> EXTRACTED ENTRIES
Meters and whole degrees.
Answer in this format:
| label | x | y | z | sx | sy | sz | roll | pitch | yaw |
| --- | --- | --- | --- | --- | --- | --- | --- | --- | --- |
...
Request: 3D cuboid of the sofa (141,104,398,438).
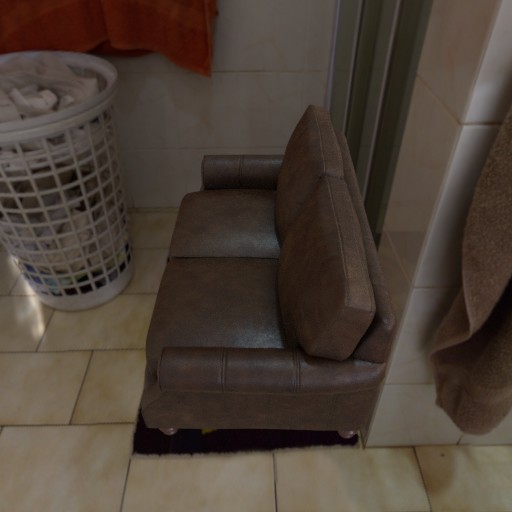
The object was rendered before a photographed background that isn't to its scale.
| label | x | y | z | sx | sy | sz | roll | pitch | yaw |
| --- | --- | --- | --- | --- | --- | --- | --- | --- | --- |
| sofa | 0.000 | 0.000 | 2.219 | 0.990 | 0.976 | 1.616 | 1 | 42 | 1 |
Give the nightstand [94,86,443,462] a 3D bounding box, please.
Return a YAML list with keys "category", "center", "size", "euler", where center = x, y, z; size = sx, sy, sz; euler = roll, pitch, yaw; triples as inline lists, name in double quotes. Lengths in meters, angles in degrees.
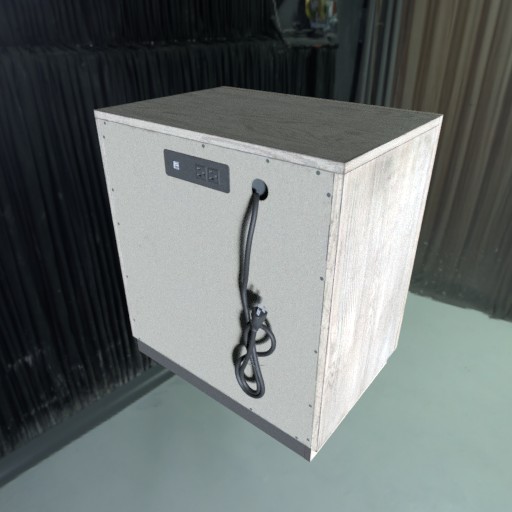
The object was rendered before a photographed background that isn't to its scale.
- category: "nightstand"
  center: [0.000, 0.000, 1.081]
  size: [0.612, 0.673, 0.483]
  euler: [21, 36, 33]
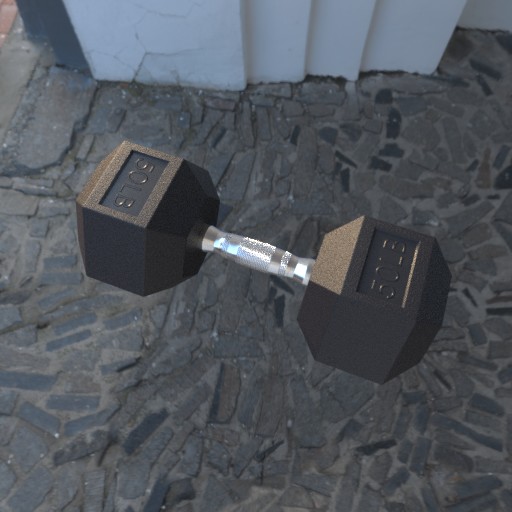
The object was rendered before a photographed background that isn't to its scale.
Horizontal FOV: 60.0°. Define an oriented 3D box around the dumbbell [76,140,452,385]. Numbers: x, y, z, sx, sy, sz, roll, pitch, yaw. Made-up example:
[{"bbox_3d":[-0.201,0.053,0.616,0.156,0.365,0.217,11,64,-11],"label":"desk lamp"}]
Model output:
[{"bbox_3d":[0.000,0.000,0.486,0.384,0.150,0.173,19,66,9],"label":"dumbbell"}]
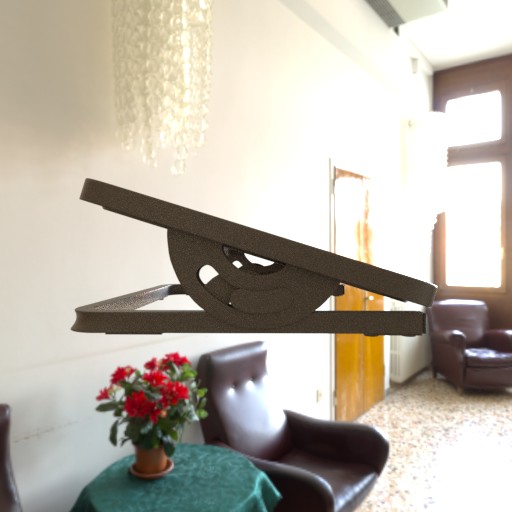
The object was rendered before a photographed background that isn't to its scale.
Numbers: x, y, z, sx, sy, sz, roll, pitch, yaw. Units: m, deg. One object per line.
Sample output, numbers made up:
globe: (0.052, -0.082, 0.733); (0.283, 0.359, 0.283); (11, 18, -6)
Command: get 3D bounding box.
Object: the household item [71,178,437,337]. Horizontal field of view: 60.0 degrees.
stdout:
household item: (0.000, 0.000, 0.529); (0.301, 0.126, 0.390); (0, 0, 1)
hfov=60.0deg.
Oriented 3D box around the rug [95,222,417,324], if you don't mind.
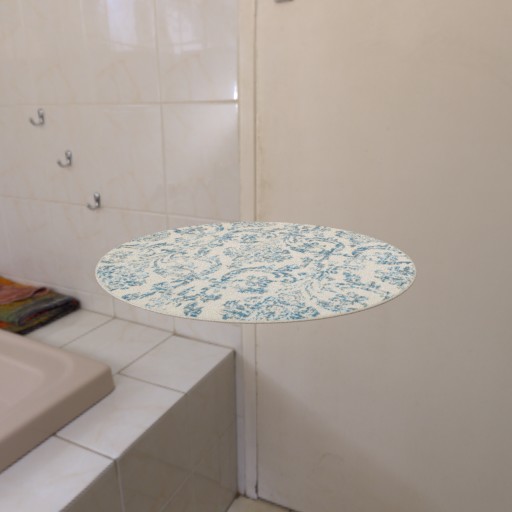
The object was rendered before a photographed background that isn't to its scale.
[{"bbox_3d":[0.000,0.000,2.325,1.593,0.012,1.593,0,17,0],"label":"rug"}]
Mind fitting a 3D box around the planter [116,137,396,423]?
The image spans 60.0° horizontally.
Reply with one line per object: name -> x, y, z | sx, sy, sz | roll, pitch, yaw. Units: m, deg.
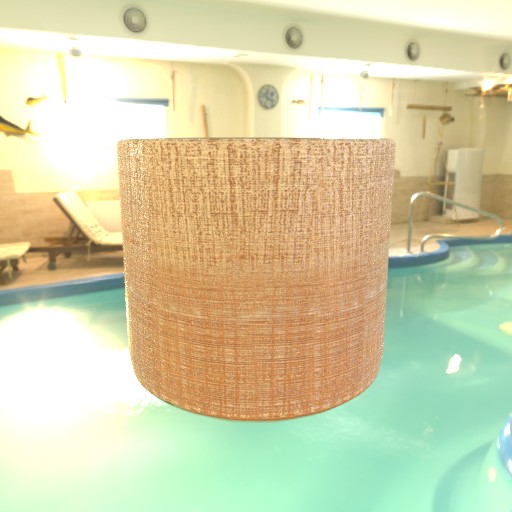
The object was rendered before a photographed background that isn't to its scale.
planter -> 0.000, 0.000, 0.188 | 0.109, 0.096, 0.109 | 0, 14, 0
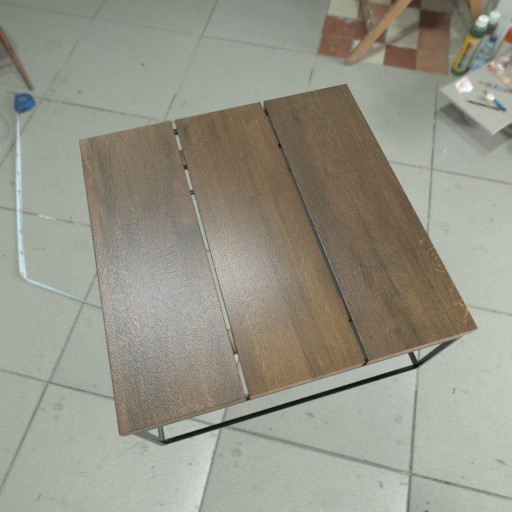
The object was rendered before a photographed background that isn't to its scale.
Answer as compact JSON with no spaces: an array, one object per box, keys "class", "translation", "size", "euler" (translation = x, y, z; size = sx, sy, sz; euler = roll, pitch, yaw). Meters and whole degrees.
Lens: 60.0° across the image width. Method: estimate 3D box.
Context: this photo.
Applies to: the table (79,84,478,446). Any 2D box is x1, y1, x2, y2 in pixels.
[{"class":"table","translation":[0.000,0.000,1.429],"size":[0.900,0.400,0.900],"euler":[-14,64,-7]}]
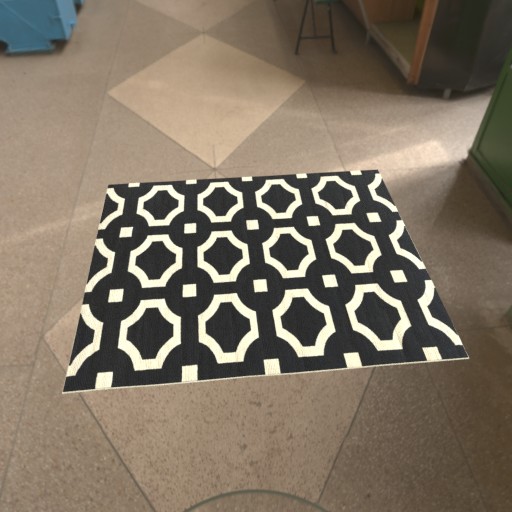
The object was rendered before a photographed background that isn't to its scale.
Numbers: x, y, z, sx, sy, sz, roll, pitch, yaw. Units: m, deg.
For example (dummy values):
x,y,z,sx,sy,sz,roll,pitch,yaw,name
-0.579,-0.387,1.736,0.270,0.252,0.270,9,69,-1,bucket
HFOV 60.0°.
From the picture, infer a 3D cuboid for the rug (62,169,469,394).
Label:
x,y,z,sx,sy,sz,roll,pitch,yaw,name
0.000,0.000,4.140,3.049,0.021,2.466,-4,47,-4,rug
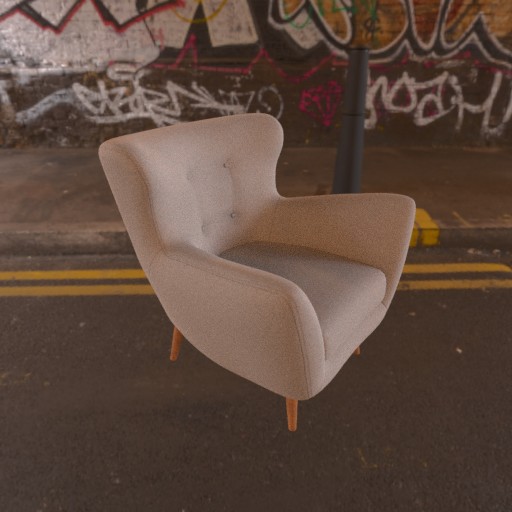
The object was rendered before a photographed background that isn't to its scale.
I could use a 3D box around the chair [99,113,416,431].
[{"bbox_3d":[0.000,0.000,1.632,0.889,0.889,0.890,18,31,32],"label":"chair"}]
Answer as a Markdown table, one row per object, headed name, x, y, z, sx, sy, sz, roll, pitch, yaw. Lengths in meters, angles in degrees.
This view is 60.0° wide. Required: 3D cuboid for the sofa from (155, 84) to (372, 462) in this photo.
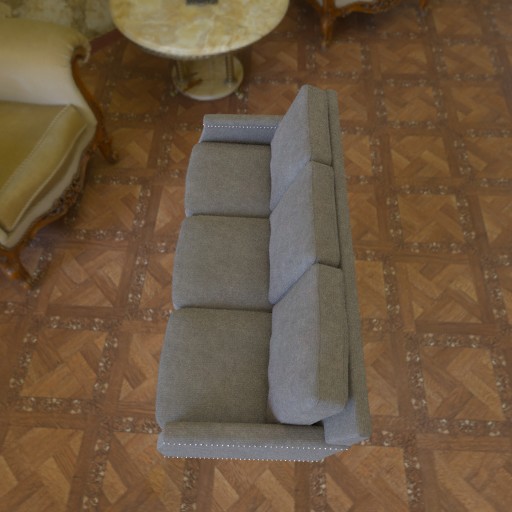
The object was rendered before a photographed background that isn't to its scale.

> THE TASK
Which lines above include the word "image"? Return each one.

> RESULT
The image spans 60.0° horizontally.
Lens: 60.0° across the image width. Method: estimate 3D box.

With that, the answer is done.